Scott Wintner: So that really puts Detroit front-and-center for starring role in the future of air transportation.

That's airport spokesman Scott Wintner.

This week, Delta added non-stop flights to Rome and Shanghai out of Detroit. And company officials say they see Detroit as the airline's gateway to Asia.

The launch of two major international routes was buried under headlines about General Motors' bankruptcy filing. But Wintner says the destinations -- especially to the coveted China market -- are no small thing:

Wintner: At a time when we have to place a declining amount of reliance on the auto industry as our sole economic asset here, the airport is ready and waiting -- ann really has been, though upstaged by the auto industry -- really has been a strong economic asset.

Local leaders hope to make the airport the center of what they call an "aerotropolis:" basically, a cluster of businesses surrounding the airport. Everything from warehouses and shipping companies to entertainment venues and corporate headquarters.
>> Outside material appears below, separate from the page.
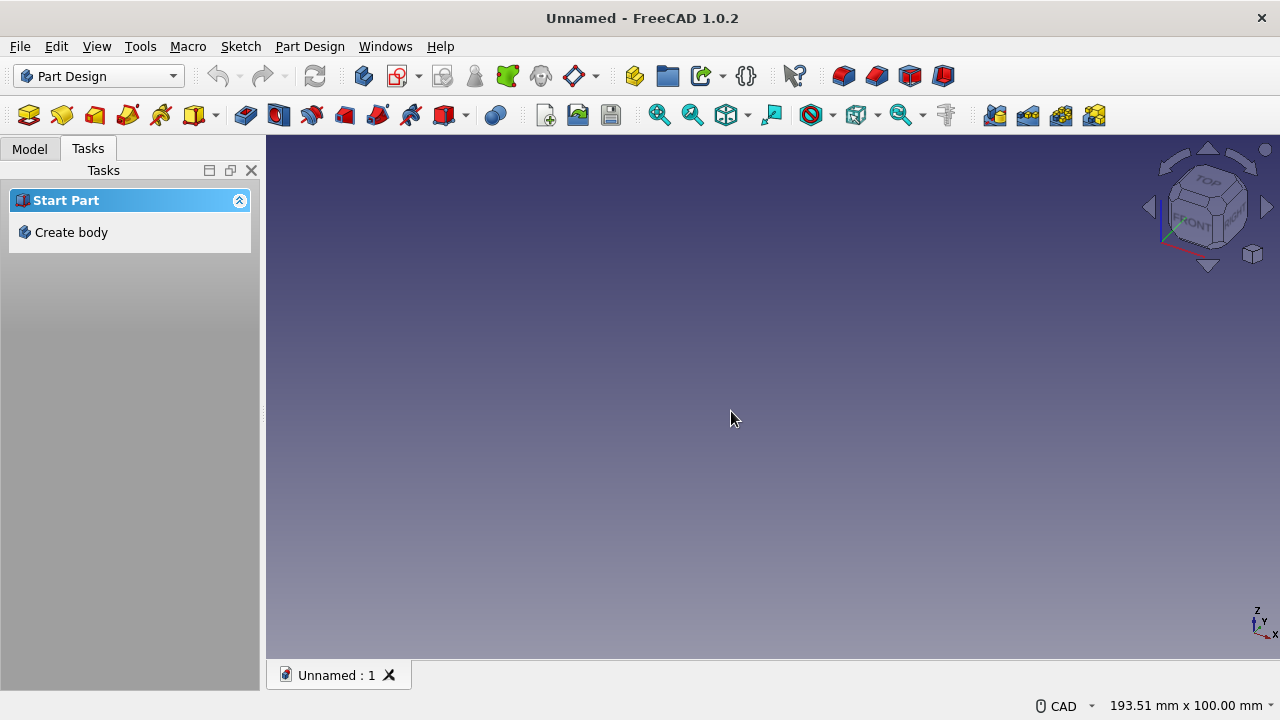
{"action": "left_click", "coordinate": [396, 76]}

Robert Ficano is the top official in Wayne County, where Detroit and the airport are located. He acknowledges the aerotropolis is a bit of a foreign concept in the U.S.

Robert Ficano: But you go to Frankfort, you go to Schipol, you go to Beijing, you can see that they've been able to turn it into an economic engine, and we have this opportunity here.

Ficano says Detroit is better-positioned to become an aerotropolis than other places, because its airport has lots of vacant land around it, it's got gleaming new terminals, and it's near the international border with Canada.

Marketing to potential developers is expected to start soon. And backers of the concept hope it will help re-start the Motor City's economic engine.

In Detroit, I'm Sarah Hulett for Marketplace.